Commonly, two or more transcription factors (TFs) work coordinately to induce transcriptional change [1]. At the genome level, this leads to composite elements (CEs) as specific overrepresented combinations of two motifs in regulatory regions of genes. Two motifs may overlap each other, or a spacer separates them [2]. Chromatin immunoprecipitation followed by massive sequencing (ChIP-seq) specifically for given cells, tissue type and condition maps peaks in a genome and motivates the genome-wide search of binding sites (motifs) not only for the target (Anchor) TF but also for co-binding (Partner) TFs. Several recently developed databases provide uniformly processed genomic profiles for thousands of ChIP-seq experiments [3,4,5]. Widespread direct interactions of many TFs with DNA in chromatin cause the significant overrepresentation of their motifs in deduced peaks. Conventionally, a de novo motif search [6,7] may define among them the motif of Anchor TF, but the enrichment of other motifs only point to many possible Partner TFs. Thus, the CE search task for ChIP-seq data consists in the detection of overrepresented motifs of Partner TFs located nearby the Anchor motifs. The web tool SpaMo represented the first approach to detect the motif co-occurrence in a single ChIP-seq dataset [8]. It searched CEs only with spacers, though later studies indicate that CEs with overlaps of motifs are much more common than CEs with spacers [9,10]. Another approach [11,12] revealed CEs with spacers and overlaps of motifs through the analysis of a special benchmark collection of multiple consistent ChIP-seq datasets. Unfortunately, due to the impossibility of many datasets being included in such consistent collections, this approach has not been widely applied and it was not implemented as a web tool. Accordingly, up to now, there are no web tools for predicting the significantly enriched co-occurrence of overlapped and spaced motifs in a single ChIP-seq dataset (Table 1).

Table 1

Comparison of various tools for prediction of CEs in ChIP-seq data.

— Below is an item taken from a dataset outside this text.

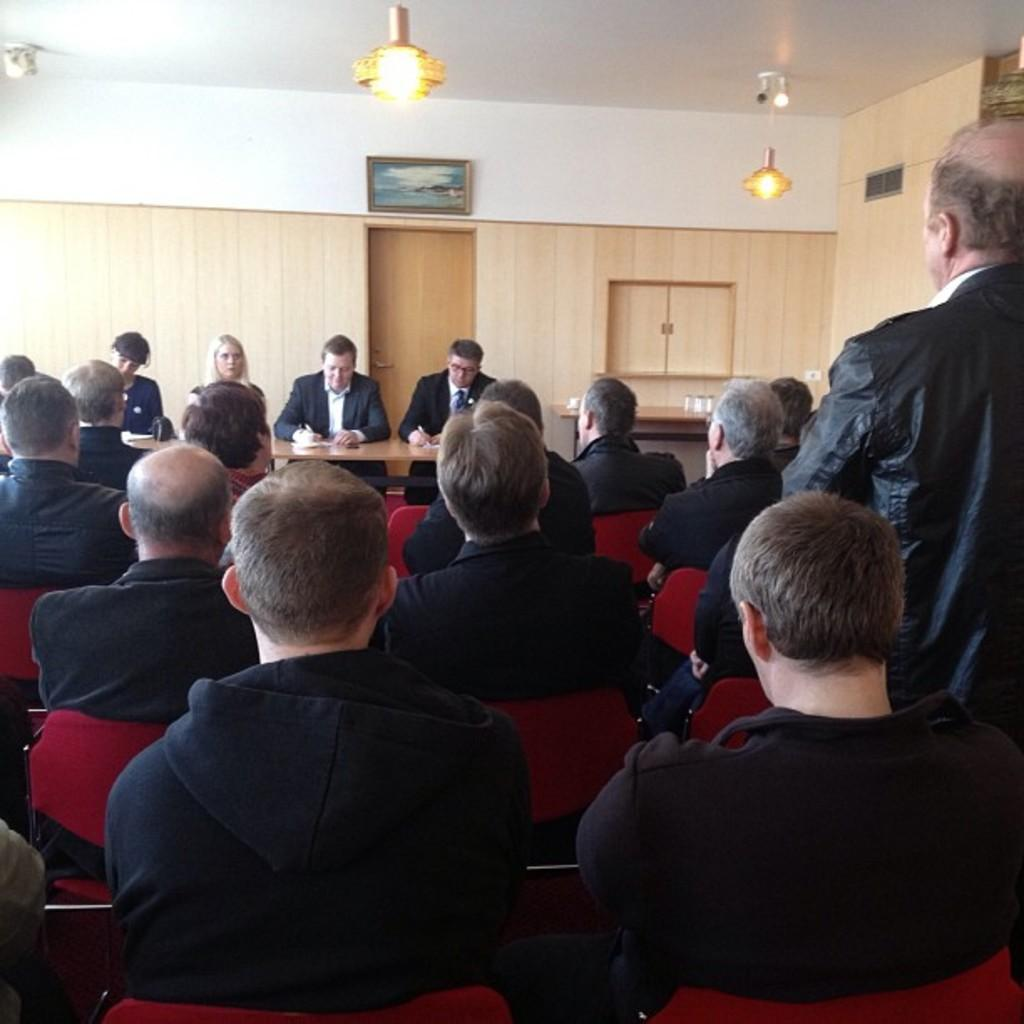What color are the chairs that the people are sitting on? The people are sitting on red chairs. What color are the clothes that the people are wearing? The people are wearing black dresses. What is the position of the man in the image? A man is standing at the right side. What type of furniture is present in the image? There is a table in the image. What architectural feature is visible in the image? There is a door in the image. What type of decorative item is present in the image? There is a photo frame in the image. What is visible at the top of the image? Lights are visible at the top of the image. How many children are playing with the cannon in the image? There are no children or cannon present in the image. What is the reason for the people falling in the image? There is no indication of anyone falling in the image.

Tool Name	A Single Dataset of Peaks Is Sufficient	Overlapped Motifs Are Allowed	URL	Reference
SpaMo	Yes	No	https://meme-suite.org/meme/tools/spamo (accessed on 9 August 2022)	[8]
TACO	No	Yes	http://bioputer.mimuw.edu.pl/taco/(accessed on 9 August 2022)	[12]
MCOT,Web-MCOT	Yes	Yes	https://github.com/AcaDemIQ/mcot-kernel, https://webmcot.sysbio.cytogen.ru(accessed on 9 August 2022)	[10], this study

We recently developed the Motifs Co-Occurrence Tool (MCOT), which integrated the prediction of CEs with spacers and overlaps for a single ChIP-seq dataset [10,13]. In this study, we propose the web tool Web-MCOT promoting this approach. For a given Anchor motif and a dataset of input peaks, Web-MCOT tests the significance of CE overrepresentation for a user-defined Partner motif, or it checks the significance of CEs with a variety of Partner motifs from a library derived from genome-wide sequencing experiments [14,15]. Web-MOCT results allows the sorting of output data; hence, the structure and abundance of top-scoring CEs explain the impacts of Partner TFs supporting the interaction of an Anchor TF with DNA in chromatin.

2. Results

2.1. Input Data

The homepage of Web-MCOT represents the common description of the web server and proposes to proceed to data analysis (Figure 1A, the link ‘Application’). The trigram symbol ‘≡’ in the top left corner (Figure 1A) hides the menu and extends the input or output data page up to the whole width of screen. The application page (Figure 1B) requires the following input data: sequences of peaks (the option ‘Upload or Enter DNA sequences in FASTA format’); a nucleotide frequency matrix of an Anchor motif (the option ‘Upload or Enter Anchor motif’); a single Partner motif or a library of Partner motifs (the option ‘One or Many Partner motif(s) will be tested’).

Figure 1

Basic Web-MCOT pages: (A) homepage, (B) application, and (C) example.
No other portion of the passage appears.